I recently stumbled upon this really interesting problem:
Suppose we have a fraction $\frac{a}{b}$ where $a,b \in \mathbb{N}$ and we know that the decimal fraction of $\frac{a}{b}$ has the numerical sequence $7143$ somewhere in the decimal place. Show that $b > 1250 $.
This question is part of der Bundeswettbewerb Mathematik 2015, zweite Rund. The competition ended September 1st, 2015.
Any kind of help will be appreciated!
Best Answer
The trick is to realize $7\times0.7143=5.0001$.

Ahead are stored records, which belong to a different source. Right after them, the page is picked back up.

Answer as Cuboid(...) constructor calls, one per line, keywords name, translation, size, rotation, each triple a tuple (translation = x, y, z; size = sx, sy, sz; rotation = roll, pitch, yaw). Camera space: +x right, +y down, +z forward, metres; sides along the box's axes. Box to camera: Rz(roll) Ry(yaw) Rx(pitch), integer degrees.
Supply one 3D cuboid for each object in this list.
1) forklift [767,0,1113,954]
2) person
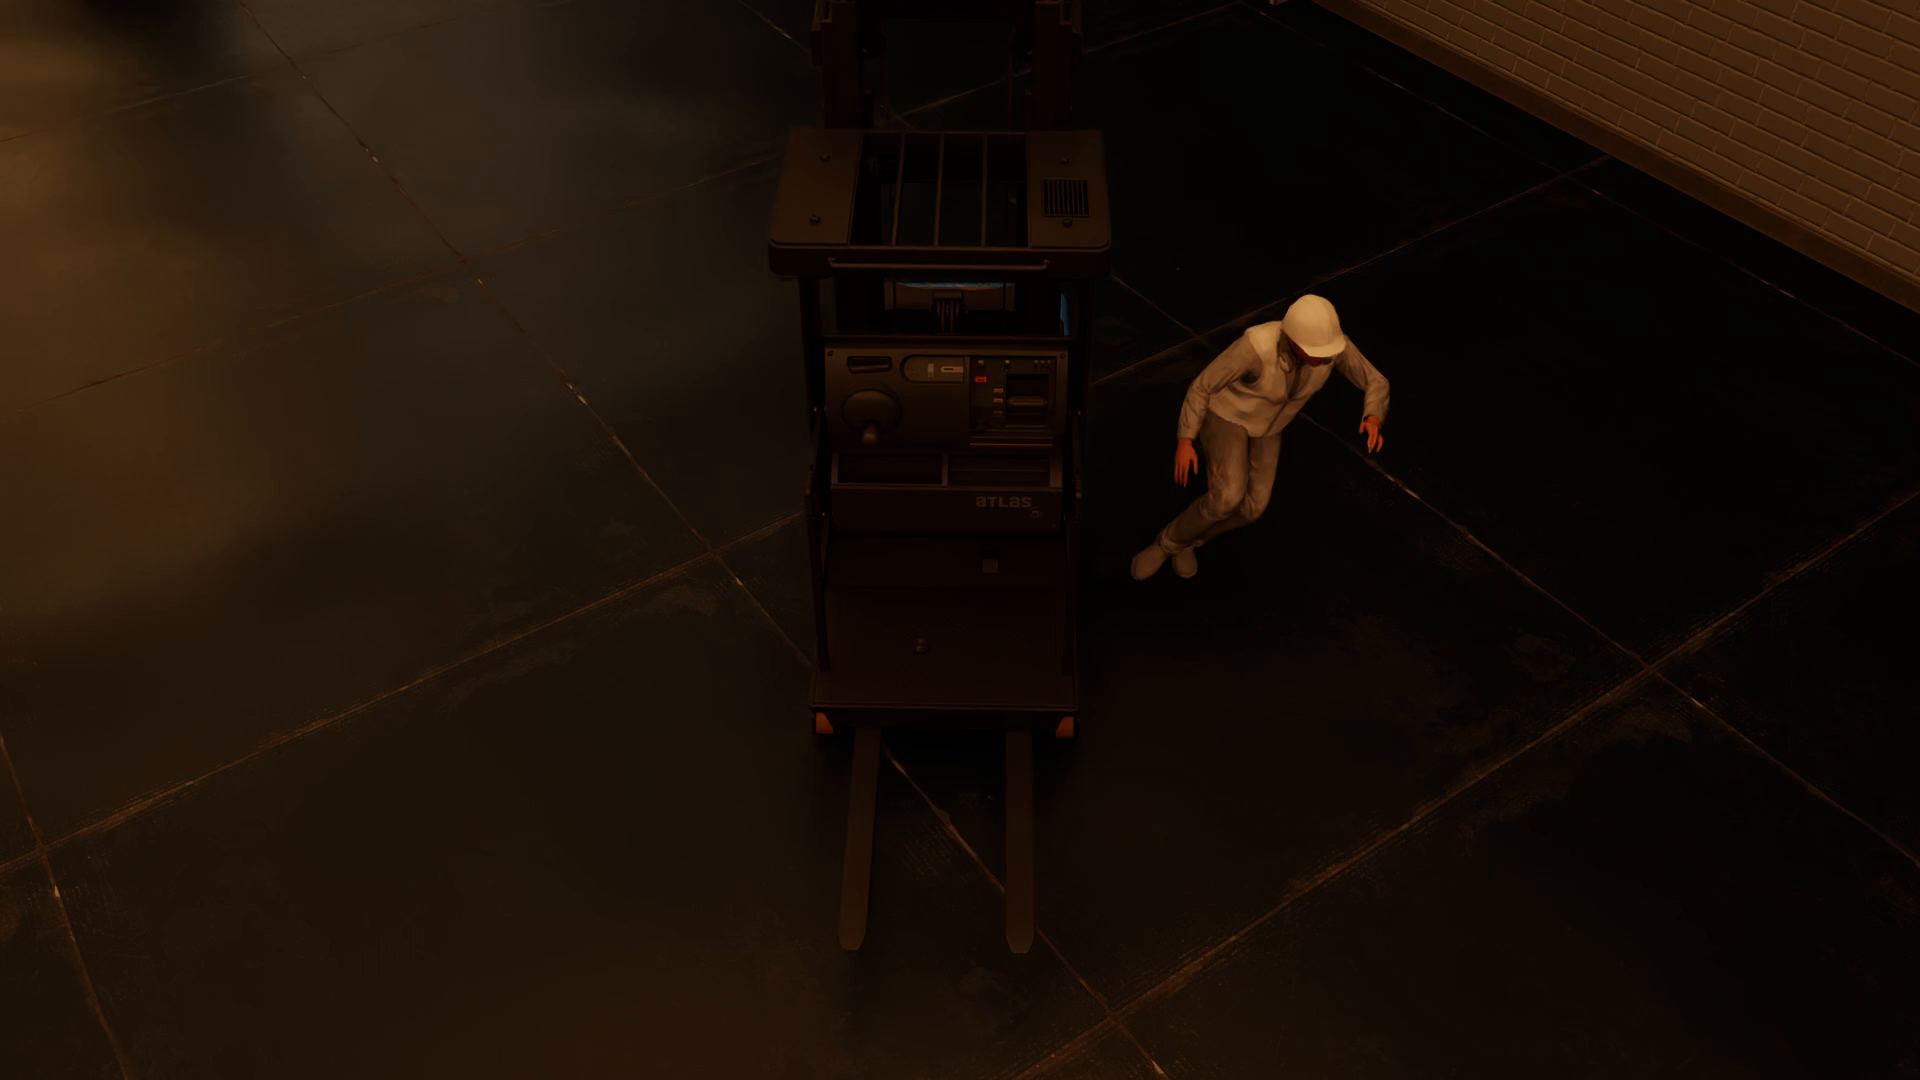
Cuboid(name="forklift", translation=(-0.055, -0.467, 6.222), size=(1.130, 2.935, 3.031), rotation=(1, 43, 1))
Cuboid(name="person", translation=(1.283, -0.398, 7.180), size=(1.052, 1.530, 0.907), rotation=(-17, 45, -18))

First let's multiply by $10^n$ to shift the decimal to the right - hence for some integers $k$ and $n$ and real number $c\in[0,1)$ we can write
$$\frac{10^na}{b}=k+0.7143+0.0001c$$
Now multiply by our magic number!
$$7\times\frac{10^na}{b}=7k+5.0001+0.0007c$$
Hence
$$7(10^na-kb)-5b=(0.0001+0.0007c)b$$
The left hand side is an integer, so there exists $m\in\mathbb{Z}$ such that
$$m=(0.0001+0.0007c)b$$
Since $0\le c<1$, we have
$$0.0001 b\le m<0.0008b$$
Additionally, since $b\in\mathbb{N}$, we have $$0<0.0001b\le m$$ so because $m$ is an integer, $$1\le m<0.0008b$$ giving $1250<b$ as desired.